This review of “Gnomeo and Juliet” by Daniel Walber was originally posted February 11th. The animated film is now available on DVD and Blu-ray.

What’s in a Gnome?

Romeo and Juliet interpreted by diminutive terracotta creatures in pointy hats. Is anything sacred? Is “Gnomeo and Juliet” the last straw in a seemingly endless series of objectionable adaptations of Shakespeare, besmirching the dignity of the Bard?

No, and that’s just silly. The film deals with the looming influence of Mr. Shakespeare right at the start, with a rendition of the original play’s famous prologue. The earnest gnome even gets through a good five or six lines of this blithely adapted iambic pentameter before being booed off by a whimsical chorus of his miniature brethren, a welcome homage to the Bard but also a clear declaration that this isn’t exactly Laurence Olivier. Nor should it be, and I think one would be hard-pressed to find a film critic taking issue with “Gnomeo and Juliet” simply because it’s built on Shakespeare. And before discussing where critiques of the movie are gathering, it’s appropriate to devote some time to the best points of the picture.

Our two houses, alike in dignity, are also quite complementary, the red and blue sides of a duplex house. Taking this colorful distinction that drives the conflict of the film and running with it, the animators create a wonderfully rich world of vibrant tones. Everything from the pointy hats to the lawnmowers and water fixtures is boldly and richly illustrated, quickly welcoming the audience into a world so vividly inspired by its red and blue rivals. The only noticeable problem is the 3D, which while not distracting, simply seems unnecessary. There aren’t really any visually exciting sequences that require that extra depth, and “Gnomeo” seems to be yet another film produced in 3D just to grab some more dough at the box office. That may be a redundant point, as that particular method seems to have simply become the default for children’s animation, but “Gnomeo” is a particularly good example of why those glasses shouldn’t always be necessary.

However, much of the negative response to the movie is not around the 3D but rather the wide variety of cultural references and connections present in the script. And that’s entirely reasonable, at least in part. “Gnomeo” falls into the same unfortunate mistake of many a recent animated picture (I’m looking at you, Dreamworks), and spends much too much time making pop culture references that aren’t even particularly funny. No one wants to sit watching animated garden objects singing last year’s Grammy nominees for an hour and a half. Yet at the same time it follows the “Toy Story 3” example of quoting not from current music and movie touchstones but rather from entire film genres, creating an amusing and not wholly uninteresting pastiche.

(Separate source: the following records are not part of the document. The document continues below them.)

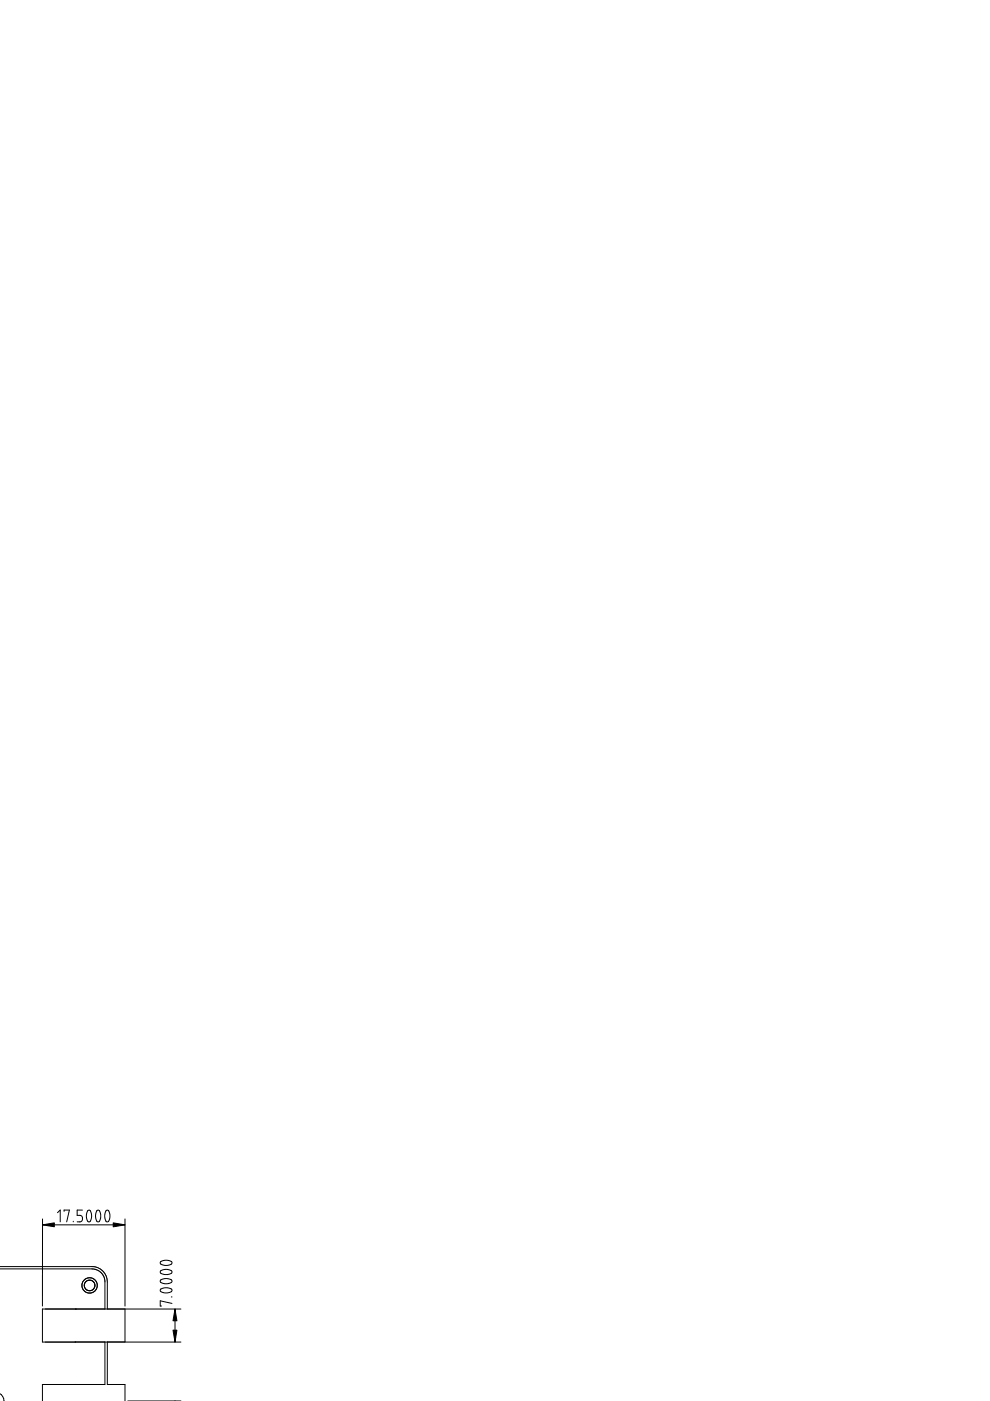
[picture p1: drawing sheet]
<svg xmlns="http://www.w3.org/2000/svg" width="210mm" height="297mm" viewBox="0 0 210 297" stroke-linecap="round" stroke-linejoin="round" font-family="sans-serif">
<g fill="none" stroke="#000" stroke-width=".21">
<path d="M9 258.4v18.5M9 259.7h17.5M12.2 257.1l.6-.5v2.5M13.6 256.8v-.2h1.1l-.6 2.5M15.5 258.9v.2M17.5 256.6h-1.1v1.1h.7l.4 .5v.5l-.2 .3-.9 .1M18.6 256.7a.59 .59 0 0 1 .6 .1 .59 .59 0 0 1 .2 .7v.6l-.2 .7a.45 .45 0 0 1-.6 .2 .45 .45 0 0 1-.2-.6l-.1-.8zM20.5 256.7a.61 .61 0 0 1 .7 .1 .61 .61 0 0 1 .1 .7v.8l-.2 .5a.48 .48 0 0 1-.6 .1 .48 .48 0 0 1-.2-.5v-.8zM22.5 256.7a.6 .6 0 0 1 .6 .1 .6 .6 0 0 1 .2 .7v.6l-.2 .7a.48 .48 0 0 1-.6 .1 .48 .48 0 0 1-.2-.5l-.1-1zM26.5 258.4v18.5M-.1 268.5h19.8a3.3 3.3 0 0 1 3.1 3.3v5.7M0 269h19.5a2.78 2.78 0 0 1 2.7 2.6v5.9"/>
<path d="M16 277.5h.1M26.5 277.5v7M34 273.4l.8-.4h.7l.8 .3 .2 .2-.1 .3-.7 .3h-.7l-.7-.2a.37 .37 0 0 1-.3-.5zM34.1 269.4l.6-.2 .8-.1 .7 .2 .3 .3-.1 .3-.6 .3h-.9l-.6-.2a.37 .37 0 0 1-.2-.6zM34.1 271.4l1.4-.3 .7 .2 .3 .3-.2 .3-.7 .3-1.3-.2a.37 .37 0 0 1-.2-.6zM34.1 267.5l1.3-.3 .9 .2 .2 .3-.2 .4-.8 .2h-.7l-.6-.2a.34 .34 0 0 1-.1-.6zM36.3 275h.2M36.5 276.4l-2.5-.6v1.1h.2M37.1 277.5v7M38.4 277.5h-29.4v7h29.4M0 295.5a1.81 1.81 0 0 1 .8 1.6M16 293.5h.1"/>
<path d="M16 284.5h.1M22.2 284.5v9h-13.2v3.6M22.8 284.5v9h3.7v3.6M27.1 297h11.3M37.1 297v.1"/>
<circle cx="19" cy="272.5" r="1.63"/>
<circle cx="19" cy="272.5" r="1.13"/>
</g>
<path d="M9 259.7l2.5-.4v.8zM24 259.3l2.5 .4-2.5 .4zM37.1 277.5l.4 2.5h-.8zM36.7 282h.8l-.4 2.5zM36.7 297.1h.8z" fill="#000" stroke="#000" stroke-width=".21"/>
</svg>

How does a film make sure that its references stay on the side of homage and don’t fall into unfunny kitsch and shameless joke-grabbing? With a movie like “Gnomeo” it’s even more difficult, because the whole thing is essentially a reference, and the mistakes stand out even more. The owner of the blue garden, clearly a middle-aged woman, does not need to be singing “Don’t Cha” of Pussycat Dolls fame. That just embarrasses your audience, and cheapens the quality of your humor. The occasional unnecessarily ribald joke also works its way in; the humor would hold up without a squirrel “dropping his nuts” line.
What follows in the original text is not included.